§ Requirement: Within the entries underneath, how many lines include the string "every"? State only the number.

=== Section Start ===

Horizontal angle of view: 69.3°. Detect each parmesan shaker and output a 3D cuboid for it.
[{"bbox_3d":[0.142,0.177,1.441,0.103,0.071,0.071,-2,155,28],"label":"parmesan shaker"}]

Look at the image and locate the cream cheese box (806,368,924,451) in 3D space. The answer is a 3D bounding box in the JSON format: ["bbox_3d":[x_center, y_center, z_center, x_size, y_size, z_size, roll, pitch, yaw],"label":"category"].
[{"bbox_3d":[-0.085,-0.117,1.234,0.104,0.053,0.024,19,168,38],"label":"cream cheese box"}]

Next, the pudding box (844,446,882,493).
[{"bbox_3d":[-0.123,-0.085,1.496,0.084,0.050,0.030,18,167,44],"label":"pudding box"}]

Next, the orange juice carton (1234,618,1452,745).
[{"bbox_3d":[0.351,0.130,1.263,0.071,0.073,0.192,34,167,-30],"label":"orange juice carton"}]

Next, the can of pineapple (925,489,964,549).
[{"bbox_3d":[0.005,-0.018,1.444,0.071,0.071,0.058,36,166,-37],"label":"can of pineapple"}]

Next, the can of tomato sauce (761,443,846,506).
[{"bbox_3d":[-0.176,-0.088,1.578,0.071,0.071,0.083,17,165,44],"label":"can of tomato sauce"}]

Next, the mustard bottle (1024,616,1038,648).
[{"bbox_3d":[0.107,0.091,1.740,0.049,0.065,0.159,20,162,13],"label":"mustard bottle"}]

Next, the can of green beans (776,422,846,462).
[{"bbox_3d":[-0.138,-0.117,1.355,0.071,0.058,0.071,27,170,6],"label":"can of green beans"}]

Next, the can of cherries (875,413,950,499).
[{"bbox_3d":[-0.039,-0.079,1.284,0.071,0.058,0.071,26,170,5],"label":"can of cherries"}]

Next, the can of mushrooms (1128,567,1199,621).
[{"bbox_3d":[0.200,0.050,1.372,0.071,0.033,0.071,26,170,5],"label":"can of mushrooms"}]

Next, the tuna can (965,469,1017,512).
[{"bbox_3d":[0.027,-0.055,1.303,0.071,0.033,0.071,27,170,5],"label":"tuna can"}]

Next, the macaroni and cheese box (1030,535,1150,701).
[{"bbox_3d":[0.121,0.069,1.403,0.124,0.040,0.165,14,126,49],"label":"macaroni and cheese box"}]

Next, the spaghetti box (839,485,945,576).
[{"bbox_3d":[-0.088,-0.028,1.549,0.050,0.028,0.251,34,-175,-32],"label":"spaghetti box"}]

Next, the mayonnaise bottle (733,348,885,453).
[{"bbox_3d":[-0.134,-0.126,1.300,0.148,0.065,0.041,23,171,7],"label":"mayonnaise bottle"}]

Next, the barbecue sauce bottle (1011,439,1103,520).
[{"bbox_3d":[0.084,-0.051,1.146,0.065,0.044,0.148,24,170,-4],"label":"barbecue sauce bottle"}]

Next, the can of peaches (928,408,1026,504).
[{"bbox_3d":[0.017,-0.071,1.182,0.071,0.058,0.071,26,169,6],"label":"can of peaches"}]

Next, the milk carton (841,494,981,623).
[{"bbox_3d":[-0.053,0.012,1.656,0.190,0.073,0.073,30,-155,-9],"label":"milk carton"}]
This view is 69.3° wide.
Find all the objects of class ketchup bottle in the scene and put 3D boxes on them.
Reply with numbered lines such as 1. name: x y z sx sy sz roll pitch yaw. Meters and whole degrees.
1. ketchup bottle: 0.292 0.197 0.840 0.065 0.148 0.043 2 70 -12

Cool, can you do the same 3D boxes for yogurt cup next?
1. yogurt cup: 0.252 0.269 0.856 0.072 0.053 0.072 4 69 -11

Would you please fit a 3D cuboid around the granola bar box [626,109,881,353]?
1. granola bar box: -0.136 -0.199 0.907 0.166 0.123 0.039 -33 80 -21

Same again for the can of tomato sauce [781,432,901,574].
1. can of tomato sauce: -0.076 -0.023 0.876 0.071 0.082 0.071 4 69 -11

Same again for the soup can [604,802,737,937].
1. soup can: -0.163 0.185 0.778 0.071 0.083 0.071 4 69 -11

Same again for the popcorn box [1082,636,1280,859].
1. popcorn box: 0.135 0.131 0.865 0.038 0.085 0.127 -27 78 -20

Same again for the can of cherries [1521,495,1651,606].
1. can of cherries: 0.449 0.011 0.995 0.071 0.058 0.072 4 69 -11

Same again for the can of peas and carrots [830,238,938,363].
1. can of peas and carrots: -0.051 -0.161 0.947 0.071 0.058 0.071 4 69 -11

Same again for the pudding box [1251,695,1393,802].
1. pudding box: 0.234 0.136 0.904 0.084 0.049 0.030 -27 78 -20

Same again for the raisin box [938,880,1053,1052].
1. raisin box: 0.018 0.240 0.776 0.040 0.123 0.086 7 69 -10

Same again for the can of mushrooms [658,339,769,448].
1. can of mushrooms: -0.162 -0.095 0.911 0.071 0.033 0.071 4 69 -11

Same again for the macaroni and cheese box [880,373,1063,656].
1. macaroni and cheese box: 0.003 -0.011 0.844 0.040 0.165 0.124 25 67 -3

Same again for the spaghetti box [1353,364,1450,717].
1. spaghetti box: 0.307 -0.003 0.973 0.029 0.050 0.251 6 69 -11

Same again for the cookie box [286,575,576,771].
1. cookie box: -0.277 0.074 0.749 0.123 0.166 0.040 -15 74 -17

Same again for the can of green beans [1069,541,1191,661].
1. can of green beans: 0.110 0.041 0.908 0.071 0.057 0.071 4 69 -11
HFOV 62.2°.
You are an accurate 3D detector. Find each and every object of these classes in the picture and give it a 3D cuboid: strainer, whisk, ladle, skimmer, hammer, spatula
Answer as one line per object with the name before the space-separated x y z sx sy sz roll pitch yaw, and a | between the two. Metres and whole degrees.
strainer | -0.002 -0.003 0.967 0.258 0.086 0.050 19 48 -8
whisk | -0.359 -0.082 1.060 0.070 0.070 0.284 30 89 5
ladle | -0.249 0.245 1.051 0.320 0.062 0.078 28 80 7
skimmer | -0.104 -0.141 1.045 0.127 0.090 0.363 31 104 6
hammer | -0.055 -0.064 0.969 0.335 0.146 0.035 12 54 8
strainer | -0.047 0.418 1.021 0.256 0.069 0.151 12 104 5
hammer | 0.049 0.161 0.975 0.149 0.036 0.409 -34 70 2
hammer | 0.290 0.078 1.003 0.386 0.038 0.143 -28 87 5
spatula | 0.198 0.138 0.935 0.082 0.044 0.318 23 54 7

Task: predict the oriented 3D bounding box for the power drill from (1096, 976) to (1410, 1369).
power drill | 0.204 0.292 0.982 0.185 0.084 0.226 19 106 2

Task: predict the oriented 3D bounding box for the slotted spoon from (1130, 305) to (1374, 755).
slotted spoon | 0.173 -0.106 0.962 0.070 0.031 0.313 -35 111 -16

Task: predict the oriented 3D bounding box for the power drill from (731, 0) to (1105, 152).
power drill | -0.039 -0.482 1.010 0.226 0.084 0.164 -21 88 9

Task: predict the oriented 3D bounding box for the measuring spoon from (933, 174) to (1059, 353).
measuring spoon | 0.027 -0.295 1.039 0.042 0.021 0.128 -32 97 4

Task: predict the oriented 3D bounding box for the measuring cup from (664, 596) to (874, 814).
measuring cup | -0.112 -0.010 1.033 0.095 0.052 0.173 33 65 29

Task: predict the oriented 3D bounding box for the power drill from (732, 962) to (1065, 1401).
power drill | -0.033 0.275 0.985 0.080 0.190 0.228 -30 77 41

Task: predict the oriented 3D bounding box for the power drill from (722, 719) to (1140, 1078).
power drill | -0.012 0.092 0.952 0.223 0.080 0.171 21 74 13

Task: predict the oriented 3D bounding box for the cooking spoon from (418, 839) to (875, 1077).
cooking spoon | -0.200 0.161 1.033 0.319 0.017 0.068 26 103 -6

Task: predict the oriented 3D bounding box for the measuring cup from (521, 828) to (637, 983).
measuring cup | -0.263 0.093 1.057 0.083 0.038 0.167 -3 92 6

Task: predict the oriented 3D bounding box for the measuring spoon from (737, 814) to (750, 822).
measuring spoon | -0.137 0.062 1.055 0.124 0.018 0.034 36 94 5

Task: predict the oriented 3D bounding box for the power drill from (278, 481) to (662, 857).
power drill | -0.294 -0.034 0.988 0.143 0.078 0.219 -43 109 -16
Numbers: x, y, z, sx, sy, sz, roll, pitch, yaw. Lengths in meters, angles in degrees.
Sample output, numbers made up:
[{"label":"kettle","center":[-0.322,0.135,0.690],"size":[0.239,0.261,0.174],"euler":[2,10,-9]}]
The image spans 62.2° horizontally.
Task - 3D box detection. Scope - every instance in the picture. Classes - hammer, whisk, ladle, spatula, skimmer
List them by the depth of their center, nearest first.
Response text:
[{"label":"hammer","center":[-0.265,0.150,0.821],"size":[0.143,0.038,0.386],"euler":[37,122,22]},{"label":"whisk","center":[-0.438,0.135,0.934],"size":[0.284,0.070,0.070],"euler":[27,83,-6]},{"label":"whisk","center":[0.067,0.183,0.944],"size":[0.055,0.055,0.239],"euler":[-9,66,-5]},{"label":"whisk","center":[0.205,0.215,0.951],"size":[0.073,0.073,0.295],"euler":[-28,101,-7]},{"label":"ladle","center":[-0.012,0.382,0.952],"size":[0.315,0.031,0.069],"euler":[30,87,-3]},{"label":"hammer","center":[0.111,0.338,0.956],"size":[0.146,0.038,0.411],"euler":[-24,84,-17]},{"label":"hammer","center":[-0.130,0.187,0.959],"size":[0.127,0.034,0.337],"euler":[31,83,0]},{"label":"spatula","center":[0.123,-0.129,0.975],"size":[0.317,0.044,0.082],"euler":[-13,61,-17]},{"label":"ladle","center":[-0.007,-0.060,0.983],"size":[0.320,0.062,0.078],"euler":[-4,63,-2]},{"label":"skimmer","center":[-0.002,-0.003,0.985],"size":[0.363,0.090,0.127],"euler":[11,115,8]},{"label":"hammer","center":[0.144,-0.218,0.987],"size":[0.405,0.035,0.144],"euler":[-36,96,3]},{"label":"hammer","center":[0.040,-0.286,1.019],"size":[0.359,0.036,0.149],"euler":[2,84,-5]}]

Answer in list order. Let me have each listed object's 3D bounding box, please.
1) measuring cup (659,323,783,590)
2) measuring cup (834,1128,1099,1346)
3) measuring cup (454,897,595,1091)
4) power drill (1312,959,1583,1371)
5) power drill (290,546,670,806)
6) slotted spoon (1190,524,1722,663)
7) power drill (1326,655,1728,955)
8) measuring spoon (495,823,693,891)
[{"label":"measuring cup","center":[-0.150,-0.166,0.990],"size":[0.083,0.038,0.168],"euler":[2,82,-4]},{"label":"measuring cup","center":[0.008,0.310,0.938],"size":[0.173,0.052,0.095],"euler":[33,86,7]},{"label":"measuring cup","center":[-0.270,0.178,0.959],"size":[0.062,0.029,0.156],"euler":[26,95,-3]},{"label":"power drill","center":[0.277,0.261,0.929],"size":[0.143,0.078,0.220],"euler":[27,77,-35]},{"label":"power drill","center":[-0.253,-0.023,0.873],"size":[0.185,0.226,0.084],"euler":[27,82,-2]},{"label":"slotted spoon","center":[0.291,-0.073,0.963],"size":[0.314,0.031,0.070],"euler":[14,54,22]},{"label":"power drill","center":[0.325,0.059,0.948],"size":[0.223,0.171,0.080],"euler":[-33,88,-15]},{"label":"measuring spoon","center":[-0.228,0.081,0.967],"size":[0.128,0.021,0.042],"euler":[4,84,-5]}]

=== Section End ===

§ Exercise output: 2